(Problem to work on) Where a line contains the word "pieces", copy that line from the records below.

(Records excerpted from a collection)
============
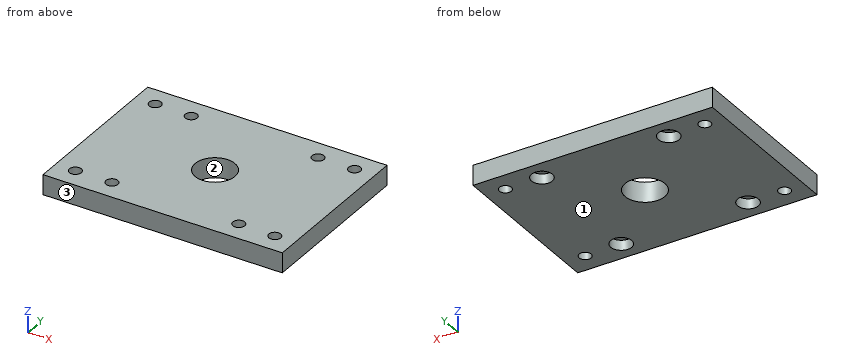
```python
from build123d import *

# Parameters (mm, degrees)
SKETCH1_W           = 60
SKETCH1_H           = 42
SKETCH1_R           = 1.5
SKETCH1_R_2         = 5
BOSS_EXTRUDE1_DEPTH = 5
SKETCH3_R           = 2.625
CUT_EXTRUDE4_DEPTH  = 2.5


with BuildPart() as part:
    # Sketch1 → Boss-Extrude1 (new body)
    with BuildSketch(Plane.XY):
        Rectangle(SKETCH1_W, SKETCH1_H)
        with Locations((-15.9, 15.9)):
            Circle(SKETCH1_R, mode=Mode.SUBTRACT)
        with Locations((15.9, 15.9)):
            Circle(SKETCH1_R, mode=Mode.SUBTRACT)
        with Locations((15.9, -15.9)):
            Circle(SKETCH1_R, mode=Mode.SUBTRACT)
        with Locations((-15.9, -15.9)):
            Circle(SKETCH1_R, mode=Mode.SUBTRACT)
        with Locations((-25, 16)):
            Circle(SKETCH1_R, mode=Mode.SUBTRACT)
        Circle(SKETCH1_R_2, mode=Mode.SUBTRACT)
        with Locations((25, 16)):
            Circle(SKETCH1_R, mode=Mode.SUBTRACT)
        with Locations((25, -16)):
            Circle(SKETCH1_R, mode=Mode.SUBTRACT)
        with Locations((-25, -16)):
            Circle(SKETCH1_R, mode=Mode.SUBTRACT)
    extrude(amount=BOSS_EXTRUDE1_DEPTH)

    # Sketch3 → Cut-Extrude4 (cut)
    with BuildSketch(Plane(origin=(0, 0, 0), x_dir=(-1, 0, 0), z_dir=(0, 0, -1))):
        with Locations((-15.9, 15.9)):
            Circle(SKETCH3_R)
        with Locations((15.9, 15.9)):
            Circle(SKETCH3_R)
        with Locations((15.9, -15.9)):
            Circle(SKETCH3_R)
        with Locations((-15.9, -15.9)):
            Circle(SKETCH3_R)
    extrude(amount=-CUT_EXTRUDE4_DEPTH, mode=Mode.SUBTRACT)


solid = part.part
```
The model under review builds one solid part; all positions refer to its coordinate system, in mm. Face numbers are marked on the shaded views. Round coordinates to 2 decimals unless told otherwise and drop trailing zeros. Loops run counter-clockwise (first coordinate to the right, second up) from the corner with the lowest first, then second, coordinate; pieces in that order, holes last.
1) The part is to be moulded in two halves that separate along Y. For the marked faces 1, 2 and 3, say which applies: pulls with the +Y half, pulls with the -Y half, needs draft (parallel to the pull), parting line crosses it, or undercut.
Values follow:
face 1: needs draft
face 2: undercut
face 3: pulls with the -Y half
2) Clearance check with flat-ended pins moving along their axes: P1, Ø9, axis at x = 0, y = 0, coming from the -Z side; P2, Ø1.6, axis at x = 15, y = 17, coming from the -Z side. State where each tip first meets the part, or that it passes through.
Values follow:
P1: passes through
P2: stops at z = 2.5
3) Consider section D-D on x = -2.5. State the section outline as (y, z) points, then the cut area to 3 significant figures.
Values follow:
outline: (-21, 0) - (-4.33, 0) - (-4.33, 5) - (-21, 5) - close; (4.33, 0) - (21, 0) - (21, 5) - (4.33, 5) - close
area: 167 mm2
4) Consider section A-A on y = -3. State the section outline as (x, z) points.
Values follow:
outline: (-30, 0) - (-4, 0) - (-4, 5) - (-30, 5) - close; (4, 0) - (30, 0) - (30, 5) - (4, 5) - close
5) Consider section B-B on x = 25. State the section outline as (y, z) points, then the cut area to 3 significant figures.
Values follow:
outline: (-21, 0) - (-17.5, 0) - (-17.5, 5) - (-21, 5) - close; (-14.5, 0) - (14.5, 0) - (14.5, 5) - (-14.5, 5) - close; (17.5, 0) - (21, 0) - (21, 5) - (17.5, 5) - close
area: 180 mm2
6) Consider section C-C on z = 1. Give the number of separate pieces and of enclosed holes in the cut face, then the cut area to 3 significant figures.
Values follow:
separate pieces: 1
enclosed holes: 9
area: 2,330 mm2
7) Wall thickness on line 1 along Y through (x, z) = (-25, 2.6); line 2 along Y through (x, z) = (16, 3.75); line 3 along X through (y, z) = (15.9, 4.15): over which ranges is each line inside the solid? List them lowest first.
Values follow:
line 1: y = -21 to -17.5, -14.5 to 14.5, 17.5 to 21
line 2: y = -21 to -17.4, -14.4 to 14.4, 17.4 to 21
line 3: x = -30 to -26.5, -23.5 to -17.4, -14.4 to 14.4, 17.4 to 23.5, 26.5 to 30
============
(Answer section)
The model under review builds one solid part; all positions refer to its coordinate system, in mm. Face numbers are marked on the shaded views. Round coordinates to 2 decimals unless told otherwise and drop trailing zeros. Loops run counter-clockwise (first coordinate to the right, second up) from the corner with the lowest first, then second, coordinate; pieces in that order, holes last.
6) Consider section C-C on z = 1. Give the number of separate pieces and of enclosed holes in the cut face, then the cut area to 3 significant figures.
separate pieces: 1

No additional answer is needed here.